Les journalistes vont devoir revenir aux sources et (re)questionner leur regard sur le monde, sans mimétisme et sans corporatisme stérile, parce que ceux qui font vivre les médias sont les clients : les lecteurs, les auditeurs et les téléspectateurs.
Les journalistes vont devoir arbitrer les informations utiles et nécessaires, organiser une argumentation exigeante et mieux placer les sujets dans leur contexte parce que nous le valons bien.
Pour écouter une histoire, nous allons au cinéma, regardons une série et nous pouvons lire un livre. Lorsque nous choisissons un média, c’est pour comprendre l’histoire autour d’un fait, la vraie histoire, pas une histoire manipulée consciemment pour faire le buzz, créer des clashs ou rendue médiocre par paresse intellectuelle.

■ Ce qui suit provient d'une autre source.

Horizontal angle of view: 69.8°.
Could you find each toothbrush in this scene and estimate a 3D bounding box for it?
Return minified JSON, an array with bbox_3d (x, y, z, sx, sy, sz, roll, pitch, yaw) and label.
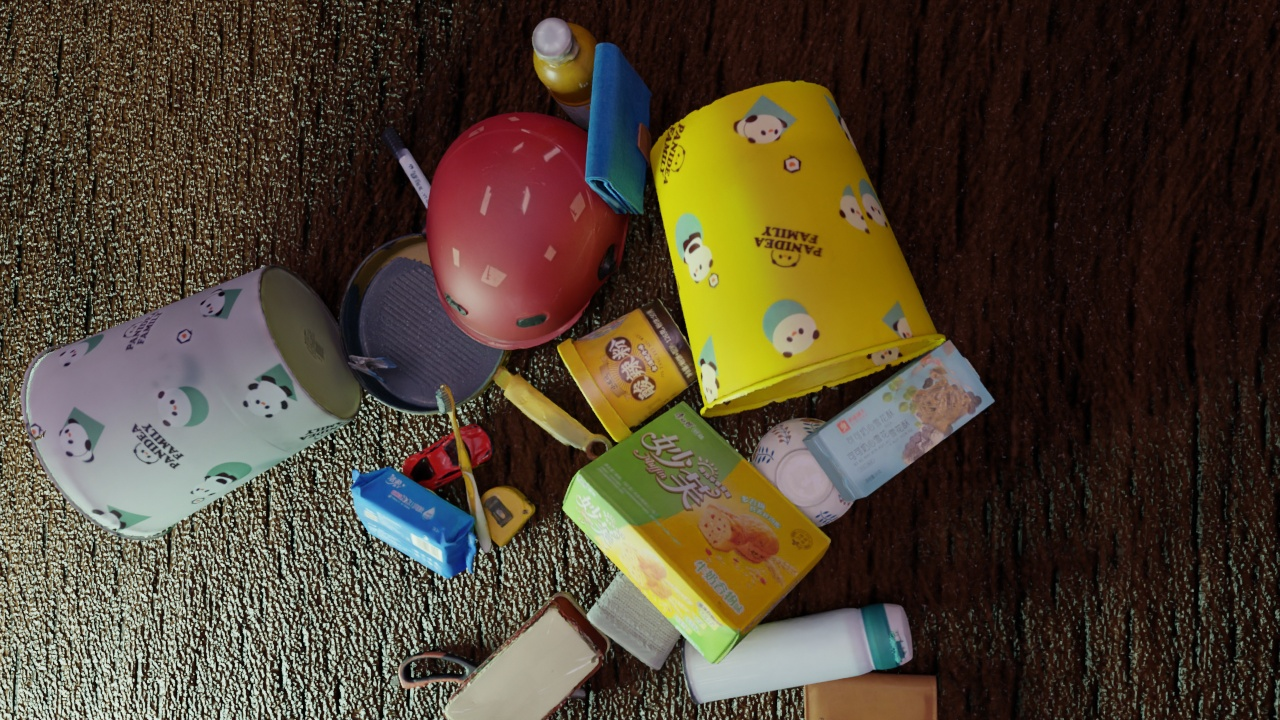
[{"bbox_3d":[-0.187,0.117,0.971,0.016,0.018,0.191,-4,104,32],"label":"toothbrush"}]

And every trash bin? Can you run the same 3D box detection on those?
[{"bbox_3d":[-0.454,0.033,0.970,0.252,0.229,0.229,-26,85,5],"label":"trash bin"},{"bbox_3d":[0.131,-0.100,0.859,0.230,0.229,0.255,-18,80,10],"label":"trash bin"}]

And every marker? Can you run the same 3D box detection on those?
[{"bbox_3d":[-0.252,-0.204,1.029,0.023,0.018,0.130,-33,83,18],"label":"marker"}]

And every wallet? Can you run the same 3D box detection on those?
[{"bbox_3d":[-0.019,-0.213,0.863,0.040,0.106,0.133,1,80,20],"label":"wallet"},{"bbox_3d":[0.231,0.368,0.926,0.132,0.031,0.108,0,88,12],"label":"wallet"}]

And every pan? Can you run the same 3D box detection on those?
[{"bbox_3d":[-0.171,0.003,0.981,0.357,0.078,0.198,33,96,10],"label":"pan"}]

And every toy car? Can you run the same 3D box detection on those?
[{"bbox_3d":[-0.213,0.109,1.013,0.106,0.031,0.049,-29,85,7],"label":"toy car"}]

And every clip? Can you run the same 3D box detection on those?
[{"bbox_3d":[-0.291,0.006,0.984,0.058,0.027,0.045,9,69,29],"label":"clip"}]

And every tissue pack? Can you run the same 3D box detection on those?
[{"bbox_3d":[-0.243,0.171,0.988,0.157,0.095,0.052,28,55,9],"label":"tissue pack"}]

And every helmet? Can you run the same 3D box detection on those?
[{"bbox_3d":[-0.122,-0.143,0.914,0.207,0.144,0.239,13,74,7],"label":"helmet"}]

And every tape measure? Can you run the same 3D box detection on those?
[{"bbox_3d":[-0.151,0.166,1.001,0.057,0.029,0.060,43,97,9],"label":"tape measure"}]

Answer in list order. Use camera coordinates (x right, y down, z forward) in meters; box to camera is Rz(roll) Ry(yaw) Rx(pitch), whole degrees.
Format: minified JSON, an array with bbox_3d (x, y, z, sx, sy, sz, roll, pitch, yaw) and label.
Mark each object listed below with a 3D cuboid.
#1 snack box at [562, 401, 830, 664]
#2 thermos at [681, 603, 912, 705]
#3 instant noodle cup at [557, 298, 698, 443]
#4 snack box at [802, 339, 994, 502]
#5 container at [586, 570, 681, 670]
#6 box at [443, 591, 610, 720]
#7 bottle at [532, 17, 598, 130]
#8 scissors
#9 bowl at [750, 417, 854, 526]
[{"bbox_3d":[0.053,0.157,0.880,0.210,0.157,0.070,44,138,18],"label":"snack box"},{"bbox_3d":[0.157,0.290,0.920,0.224,0.073,0.073,-15,87,12],"label":"thermos"},{"bbox_3d":[-0.006,0.005,0.934,0.114,0.118,0.118,-32,84,1],"label":"instant noodle cup"},{"bbox_3d":[0.248,0.058,0.883,0.174,0.052,0.074,-33,84,-15],"label":"snack box"},{"bbox_3d":[0.019,0.235,0.939,0.090,0.090,0.114,35,92,9],"label":"container"},{"bbox_3d":[-0.120,0.330,0.955,0.168,0.080,0.091,-44,85,3],"label":"box"},{"bbox_3d":[-0.061,-0.282,0.904,0.068,0.189,0.068,0,87,11],"label":"bottle"},{"bbox_3d":[-0.172,0.364,1.012,0.189,0.015,0.227,35,95,9],"label":"scissors"},{"bbox_3d":[0.166,0.115,0.924,0.113,0.062,0.113,0,88,11],"label":"bowl"}]

Y-a-t-il véritablement deux versions de l’histoire ? Voilà une question qu’on entend de moins en moins tant les sujets sont monocordes d’un média à l’autre, comme si investiguer et porter un regard différent sur un fait était prendre un énorme risque.
Notre nation mérite d’avoir des médias qui sont un point d’ancrage moral pour nous éclairer avec intégrité.
Ainsi, la crise de modèle rencontrée actuellement par l’ensemble des médias devrait les inciter tous à questionner leur ligne éditoriale avant de questionner leur modèle économique car au bout du compte, ces enjeux sont interdépendants. Et sur le long terme, le modèle gagnant est celui qui privilégie de faire de l’audience avec du contenu.